- **What the task asks**:
Give every entry below again, exactly as written, and skip the images.

>>

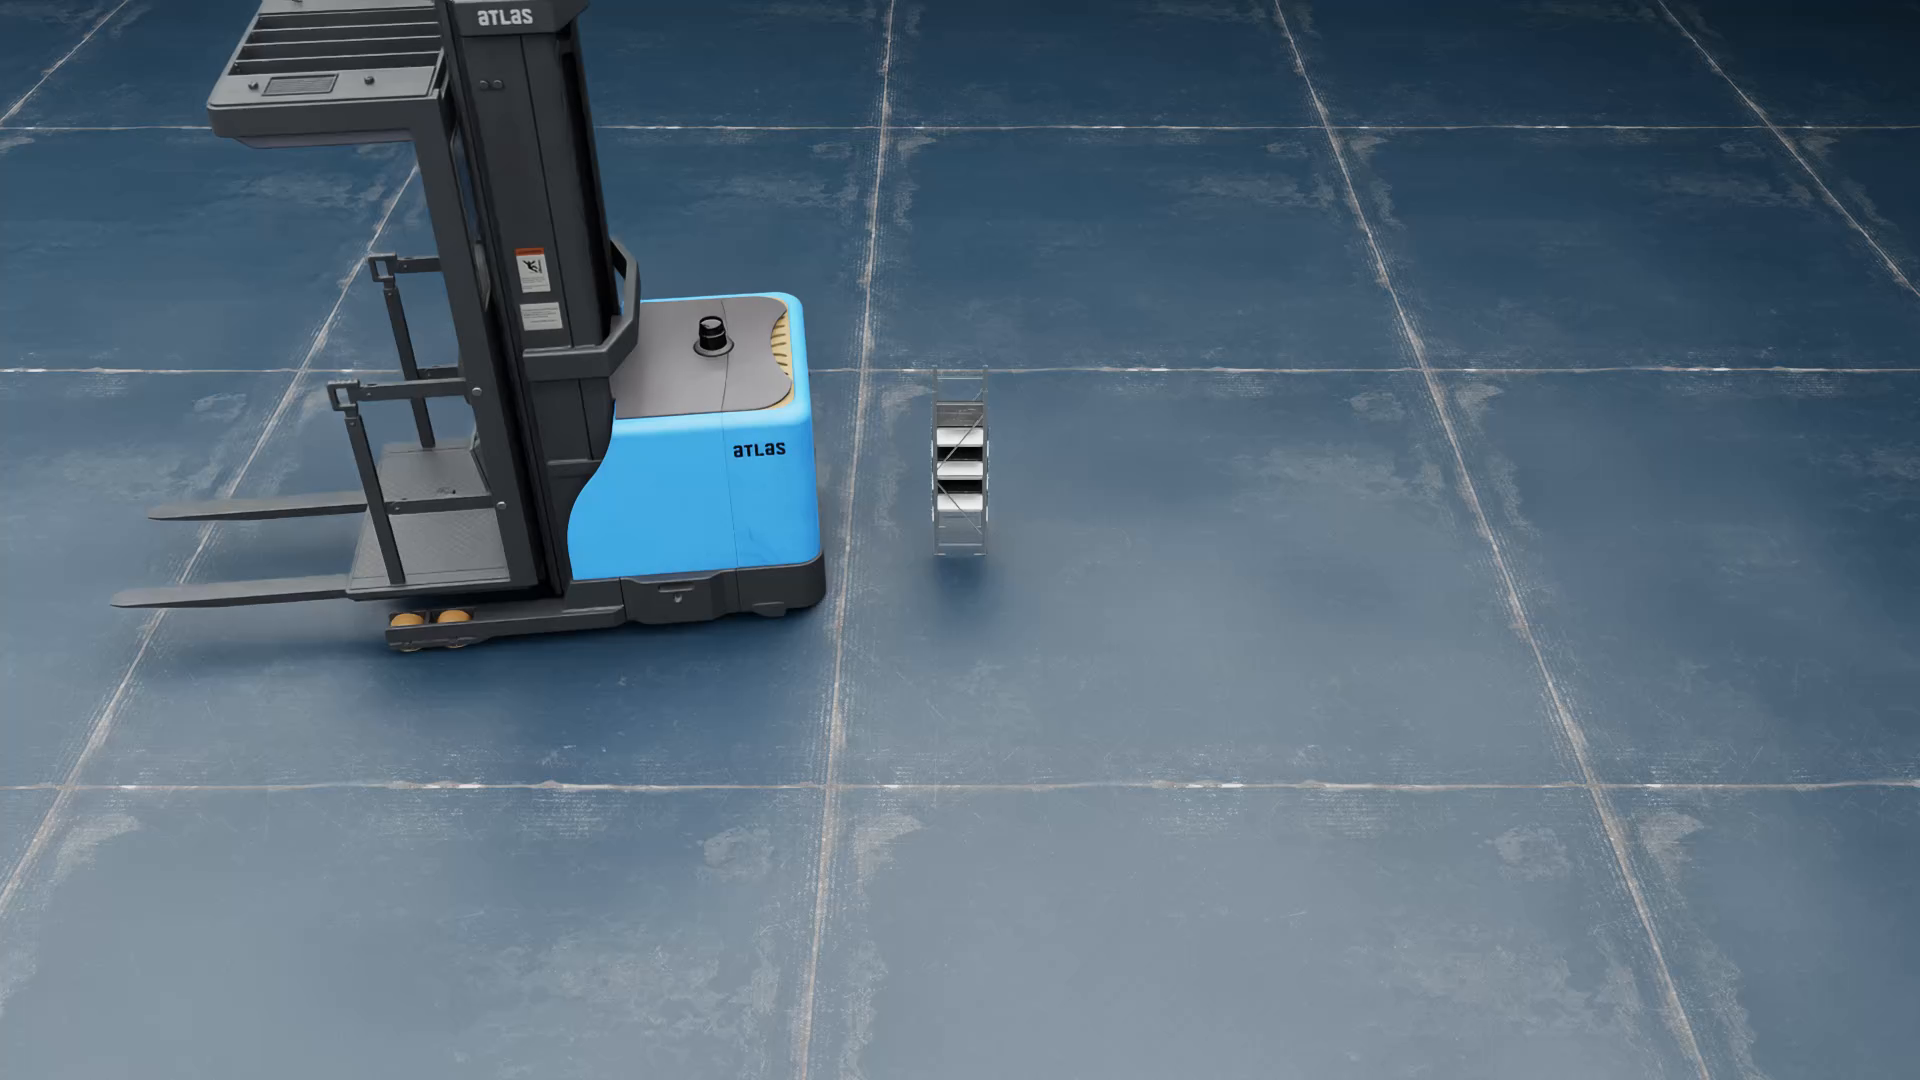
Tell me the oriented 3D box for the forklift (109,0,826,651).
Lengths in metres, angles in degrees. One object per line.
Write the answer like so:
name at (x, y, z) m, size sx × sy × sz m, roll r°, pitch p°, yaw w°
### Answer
forklift at (-2.146, -1.015, 6.673) m, size 3.031 × 2.935 × 1.130 m, roll -4°, pitch 39°, yaw -5°

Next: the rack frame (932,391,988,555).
rack frame at (0.000, -0.282, 7.383) m, size 0.240 × 0.900 × 0.006 m, roll 0°, pitch 39°, yaw 0°

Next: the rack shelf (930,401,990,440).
rack shelf at (0.000, -0.531, 7.314) m, size 0.258 × 0.077 × 0.200 m, roll 0°, pitch 39°, yaw 0°

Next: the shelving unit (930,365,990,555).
shelving unit at (0.000, -0.346, 7.462) m, size 0.258 × 0.900 × 0.210 m, roll 0°, pitch 39°, yaw 0°

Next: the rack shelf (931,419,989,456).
rack shelf at (0.000, -0.461, 7.371) m, size 0.258 × 0.077 × 0.200 m, roll 0°, pitch 39°, yaw 0°

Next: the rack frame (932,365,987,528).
rack frame at (0.000, -0.410, 7.542) m, size 0.240 × 0.900 × 0.006 m, roll 0°, pitch 39°, yaw 0°

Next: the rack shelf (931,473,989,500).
rack shelf at (0.000, -0.250, 7.539) m, size 0.258 × 0.077 × 0.200 m, roll 0°, pitch 39°, yaw 0°

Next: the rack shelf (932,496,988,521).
rack shelf at (0.000, -0.180, 7.596) m, size 0.258 × 0.077 × 0.200 m, roll 0°, pitch 39°, yaw 0°

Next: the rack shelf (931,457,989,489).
rack shelf at (0.000, -0.320, 7.483) m, size 0.258 × 0.077 × 0.200 m, roll 0°, pitch 39°, yaw 0°

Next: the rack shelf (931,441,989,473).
rack shelf at (0.000, -0.390, 7.427) m, size 0.258 × 0.077 × 0.200 m, roll 0°, pitch 39°, yaw 0°
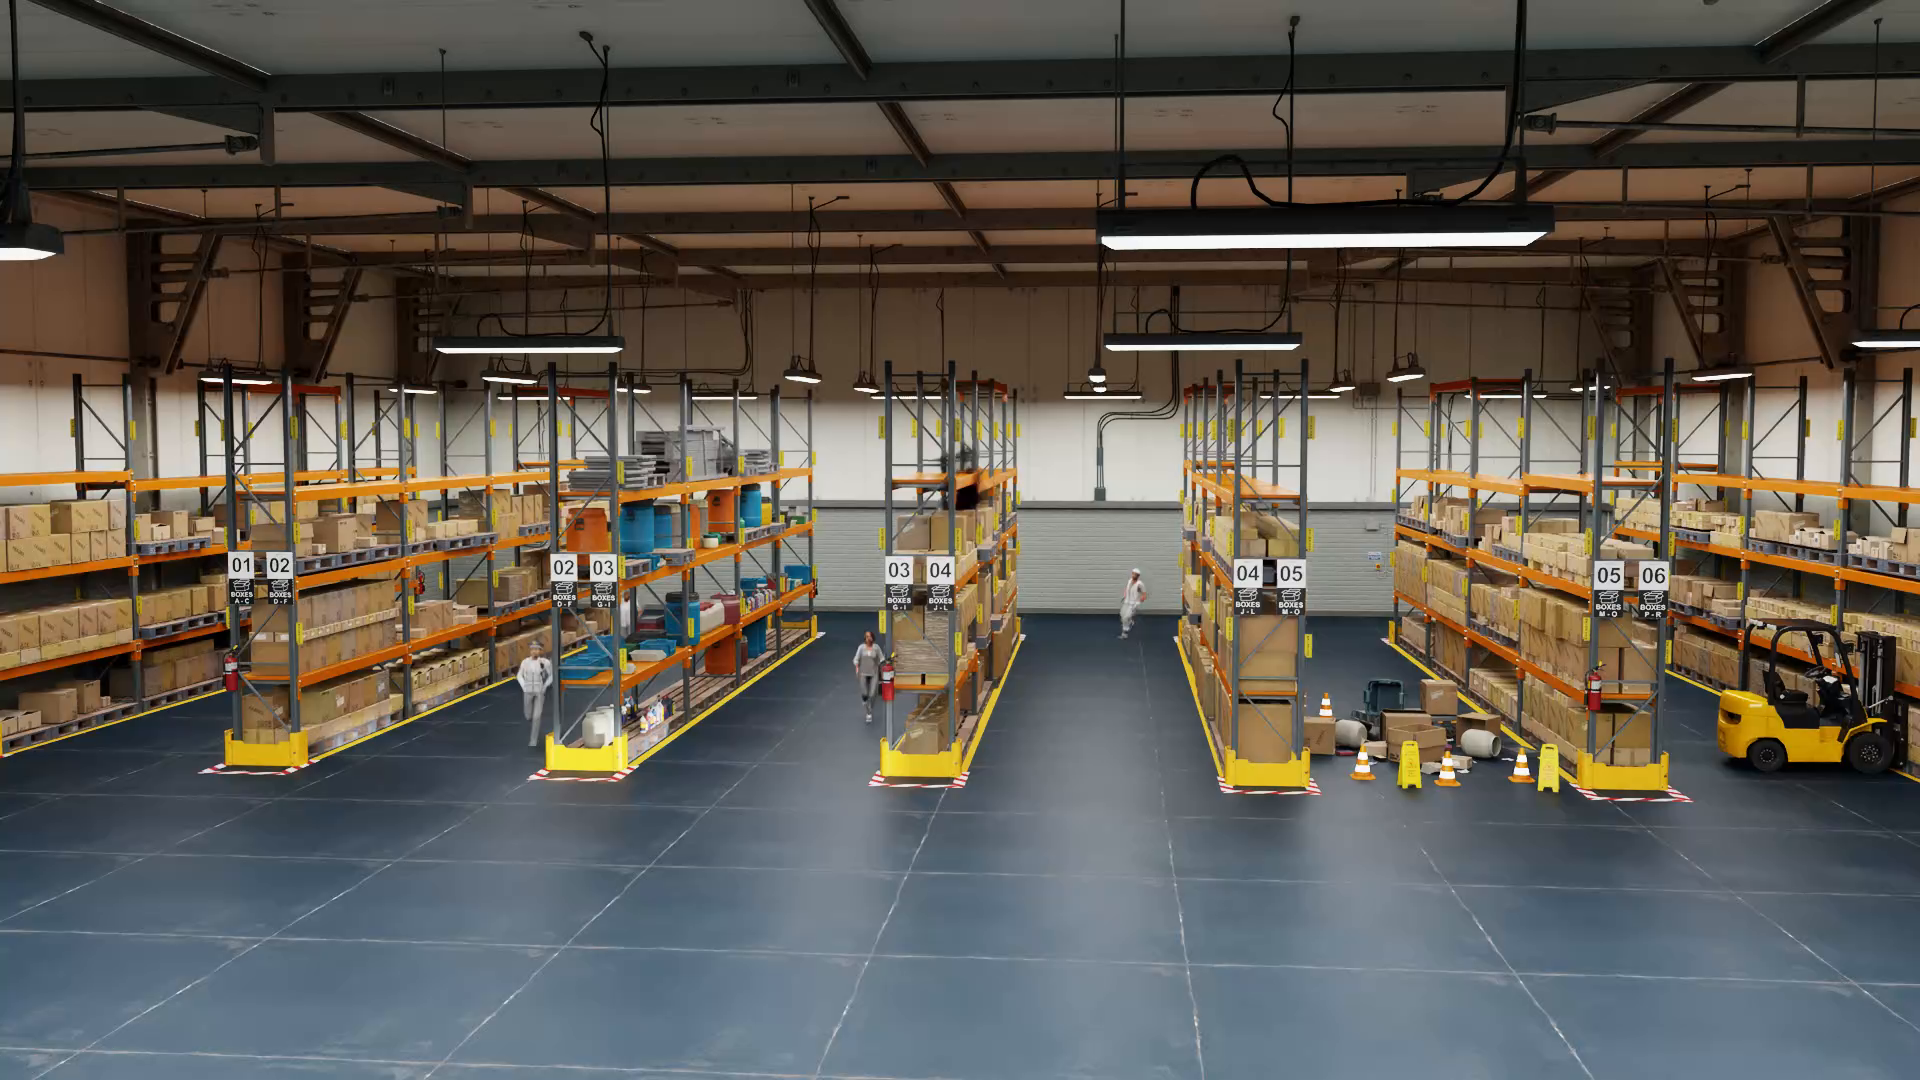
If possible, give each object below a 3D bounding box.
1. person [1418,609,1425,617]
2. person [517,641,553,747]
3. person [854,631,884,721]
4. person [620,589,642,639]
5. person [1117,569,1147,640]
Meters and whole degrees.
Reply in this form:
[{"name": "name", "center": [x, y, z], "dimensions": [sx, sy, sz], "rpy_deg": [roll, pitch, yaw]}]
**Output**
[{"name": "person", "center": [11.300, 1.499, 40.249], "dimensions": [0.739, 1.746, 0.692], "rpy_deg": [-3, 5, -40]}, {"name": "person", "center": [-6.755, 2.421, 26.523], "dimensions": [0.611, 1.670, 0.720], "rpy_deg": [0, 4, -4]}, {"name": "person", "center": [-1.572, 2.354, 28.781], "dimensions": [0.537, 1.541, 0.549], "rpy_deg": [0, 4, -3]}, {"name": "person", "center": [-7.136, 1.854, 35.730], "dimensions": [0.607, 1.642, 0.674], "rpy_deg": [0, 4, -7]}, {"name": "person", "center": [4.143, 1.535, 39.725], "dimensions": [0.602, 1.711, 0.698], "rpy_deg": [-4, 5, -45]}]

<<

- **Task output**:
Tell me the oriented 3D box for the forklift (109,0,826,651).
Lengths in metres, angles in degrees. One object per line.
Write the answer like so:
name at (x, y, z) m, size sx × sy × sz m, roll r°, pitch p°, yaw w°
### Answer
forklift at (-2.146, -1.015, 6.673) m, size 3.031 × 2.935 × 1.130 m, roll -4°, pitch 39°, yaw -5°

Next: the rack frame (932,391,988,555).
rack frame at (0.000, -0.282, 7.383) m, size 0.240 × 0.900 × 0.006 m, roll 0°, pitch 39°, yaw 0°

Next: the rack shelf (930,401,990,440).
rack shelf at (0.000, -0.531, 7.314) m, size 0.258 × 0.077 × 0.200 m, roll 0°, pitch 39°, yaw 0°

Next: the shelving unit (930,365,990,555).
shelving unit at (0.000, -0.346, 7.462) m, size 0.258 × 0.900 × 0.210 m, roll 0°, pitch 39°, yaw 0°

Next: the rack shelf (931,419,989,456).
rack shelf at (0.000, -0.461, 7.371) m, size 0.258 × 0.077 × 0.200 m, roll 0°, pitch 39°, yaw 0°

Next: the rack frame (932,365,987,528).
rack frame at (0.000, -0.410, 7.542) m, size 0.240 × 0.900 × 0.006 m, roll 0°, pitch 39°, yaw 0°

Next: the rack shelf (931,473,989,500).
rack shelf at (0.000, -0.250, 7.539) m, size 0.258 × 0.077 × 0.200 m, roll 0°, pitch 39°, yaw 0°

Next: the rack shelf (932,496,988,521).
rack shelf at (0.000, -0.180, 7.596) m, size 0.258 × 0.077 × 0.200 m, roll 0°, pitch 39°, yaw 0°

Next: the rack shelf (931,457,989,489).
rack shelf at (0.000, -0.320, 7.483) m, size 0.258 × 0.077 × 0.200 m, roll 0°, pitch 39°, yaw 0°

Next: the rack shelf (931,441,989,473).
rack shelf at (0.000, -0.390, 7.427) m, size 0.258 × 0.077 × 0.200 m, roll 0°, pitch 39°, yaw 0°
If possible, give each object below a 3D bounding box.
1. person [1418,609,1425,617]
2. person [517,641,553,747]
3. person [854,631,884,721]
4. person [620,589,642,639]
5. person [1117,569,1147,640]
Meters and whole degrees.
Reply in this form:
[{"name": "name", "center": [x, y, z], "dimensions": [sx, sy, sz], "rpy_deg": [roll, pitch, yaw]}]
**Output**
[{"name": "person", "center": [11.300, 1.499, 40.249], "dimensions": [0.739, 1.746, 0.692], "rpy_deg": [-3, 5, -40]}, {"name": "person", "center": [-6.755, 2.421, 26.523], "dimensions": [0.611, 1.670, 0.720], "rpy_deg": [0, 4, -4]}, {"name": "person", "center": [-1.572, 2.354, 28.781], "dimensions": [0.537, 1.541, 0.549], "rpy_deg": [0, 4, -3]}, {"name": "person", "center": [-7.136, 1.854, 35.730], "dimensions": [0.607, 1.642, 0.674], "rpy_deg": [0, 4, -7]}, {"name": "person", "center": [4.143, 1.535, 39.725], "dimensions": [0.602, 1.711, 0.698], "rpy_deg": [-4, 5, -45]}]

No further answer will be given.